FIG. 1A and FIG. 1B schematically illustrate the viewing angle of a conventional liquid crystal display (LCD) device. Referring to FIG. 1A, a schematic top view of the conventional LCD device is shown. The conventional LCD device 10 has a fixed orientation and thus the images are easily distorted when the viewer is located at certain angles with respect to the conventional LCD device 10. For example, when a viewer is located at the position A as shown in FIG. 1A, the images on the screen of the conventional LCD device 10 are distorted and obscured because the viewer is beyond the range of a preferable horizontal viewing angle for the conventional LCD device 10. Whereas, when the viewer is located at the position B, which is directly in front of the conventional LCD device 10, the images on the screen of the conventional LCD device 10 are viewed without distortion. Referring to FIG. 1B, a schematic side view of the conventional LCD device is shown. Likewise, the conventional LCD device 10 is placed at a fixed orientation and a certain height. For viewing images on the conventional LCD device 10 without distortion, the viewer 11 needs to stand within the range of the vertical viewing angle for the conventional LCD device 10.

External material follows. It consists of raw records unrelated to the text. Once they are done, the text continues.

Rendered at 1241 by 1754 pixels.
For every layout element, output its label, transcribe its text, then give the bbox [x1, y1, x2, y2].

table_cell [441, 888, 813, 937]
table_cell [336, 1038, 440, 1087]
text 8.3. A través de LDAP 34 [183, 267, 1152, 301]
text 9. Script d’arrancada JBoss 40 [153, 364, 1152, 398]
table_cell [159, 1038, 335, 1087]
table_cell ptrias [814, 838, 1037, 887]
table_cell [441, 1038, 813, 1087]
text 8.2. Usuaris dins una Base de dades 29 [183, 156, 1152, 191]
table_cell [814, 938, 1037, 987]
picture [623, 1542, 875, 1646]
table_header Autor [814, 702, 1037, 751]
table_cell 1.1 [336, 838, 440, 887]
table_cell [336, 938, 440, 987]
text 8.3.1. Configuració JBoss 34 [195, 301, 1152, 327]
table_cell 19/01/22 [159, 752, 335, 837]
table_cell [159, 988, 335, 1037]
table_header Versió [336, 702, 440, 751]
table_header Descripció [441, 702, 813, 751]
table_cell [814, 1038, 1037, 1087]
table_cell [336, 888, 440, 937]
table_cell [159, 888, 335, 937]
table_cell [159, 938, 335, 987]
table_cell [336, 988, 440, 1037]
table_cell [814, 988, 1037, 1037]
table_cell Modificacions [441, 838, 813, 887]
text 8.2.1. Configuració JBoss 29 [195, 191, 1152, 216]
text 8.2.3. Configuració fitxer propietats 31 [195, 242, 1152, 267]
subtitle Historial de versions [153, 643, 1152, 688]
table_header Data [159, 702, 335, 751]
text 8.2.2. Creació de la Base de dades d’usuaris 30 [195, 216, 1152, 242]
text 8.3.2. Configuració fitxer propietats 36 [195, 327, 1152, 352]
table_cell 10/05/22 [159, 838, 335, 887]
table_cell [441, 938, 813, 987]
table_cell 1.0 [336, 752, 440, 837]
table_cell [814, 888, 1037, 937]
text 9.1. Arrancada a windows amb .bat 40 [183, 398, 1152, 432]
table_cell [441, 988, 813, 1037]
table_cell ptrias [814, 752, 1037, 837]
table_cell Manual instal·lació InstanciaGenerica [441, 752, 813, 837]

If other viewing positions are required when the viewer is not directly in front of the LCD device for example, the viewer must manually rotate the LCD device in order to see images on the screen of the LCD device without distortion. In addition, the viewing position should be further fine tuned in order to precisely position the LCD device. The process of manually rotating and tuning the LCD device is not user-friendly. This drawback becomes more serious if the process of manually rotating and tuning the LCD device is frequently done. For solving the above problems, some techniques have been developed.

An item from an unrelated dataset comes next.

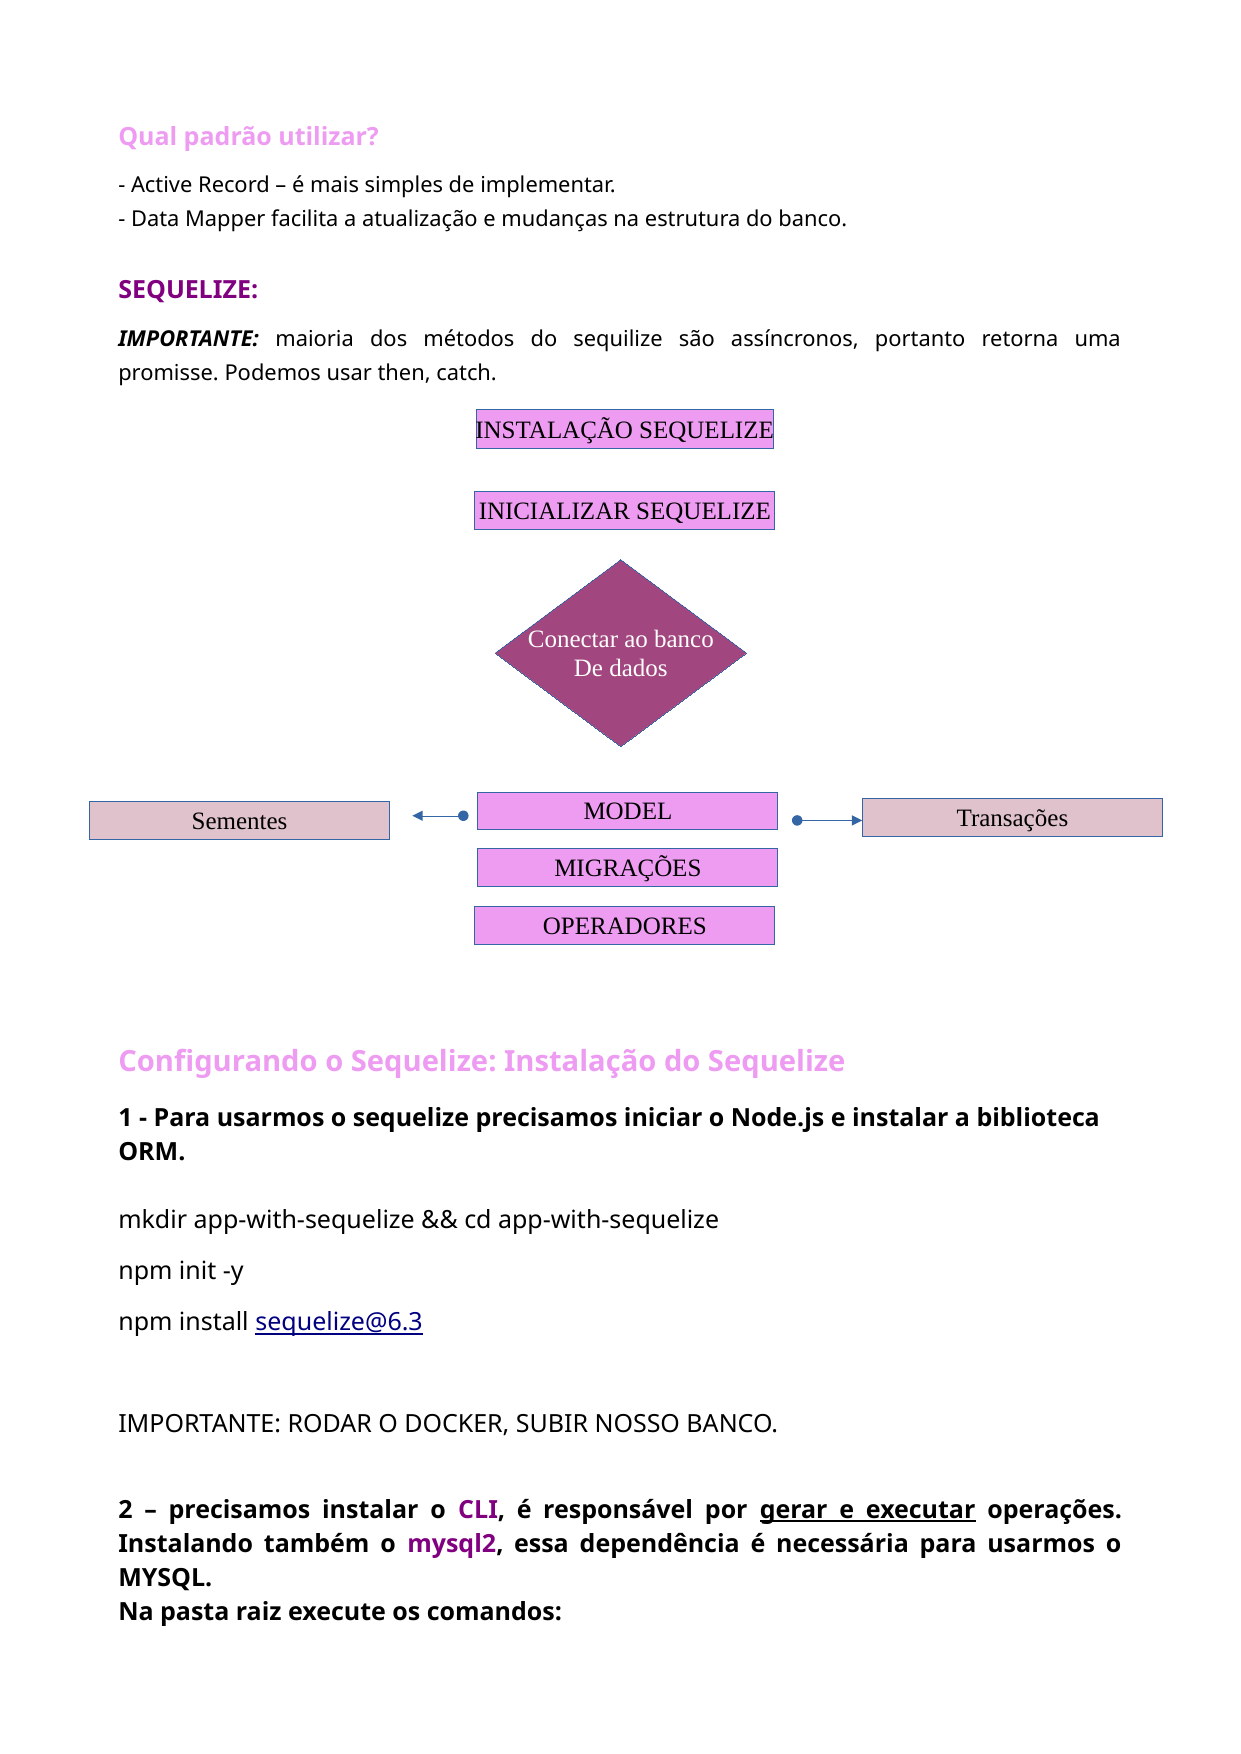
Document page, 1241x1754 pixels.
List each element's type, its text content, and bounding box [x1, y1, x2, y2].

Please refer to FIG. 2, which is a schematic perspective view illustrating a display device described in Taiwanese Patent M307922. The display device 2 includes a base 21, a driving member 22, a screen 24 and a rotatable member 23. For rotating the screen 24 at a specified rotating angle, the viewer needs to input an instruction of setting desired rotating angle in a user operation interface of a remote controller (not shown) or the screen 24. By wirelessly or manually executing the instruction, the screen 24 issues an enable signal to the driving member 22. In response to the enable signal, a motor of the driving member 22 is driven to rotate the rotatable member 23 at the specified rotating angle. As the rotatable member 23 is rotated, the screen 24 coupled to the rotatable member 23 will be also rotated at the specified rotating angle. Since the execution of the instruction of setting the rotating angle is wirelessly controlled or manually operated, the process of rotating the screen is still not user-friendly. U.S. Pat. Nos. 5,250,888 and 6,115,025, which disclose methods of manually or wirelessly (e.g. by a remote controller) changing the rotating directions of the display device, have similar problems.
Another approach is disclosed in for example U.S. Pat. Nos. 6,311,141 and 6,931,596. FIG. 3 is a schematic perspective view illustrating a display device for automatic adjustment of the orientation of a screen. The images of a viewer's face 30 are captured by a camera 36 of the display device 32. An image recognition algorithm may be used to recognize the contours of the viewer's face 30, thereby analyzing the position coordinates (x, y, z) of the viewer with respect to the display device 32. The orientation of the screen 34 is adjusted according to the position of the viewer. Since this display device uses the camera 36 to capture images and the means of analyzing images needs many procedures and complicated computations, corresponding hardware components used in these literatures are not cost-effective.
Therefore, there is a need of providing an improved device and a method to obviate the drawbacks encountered from the prior art.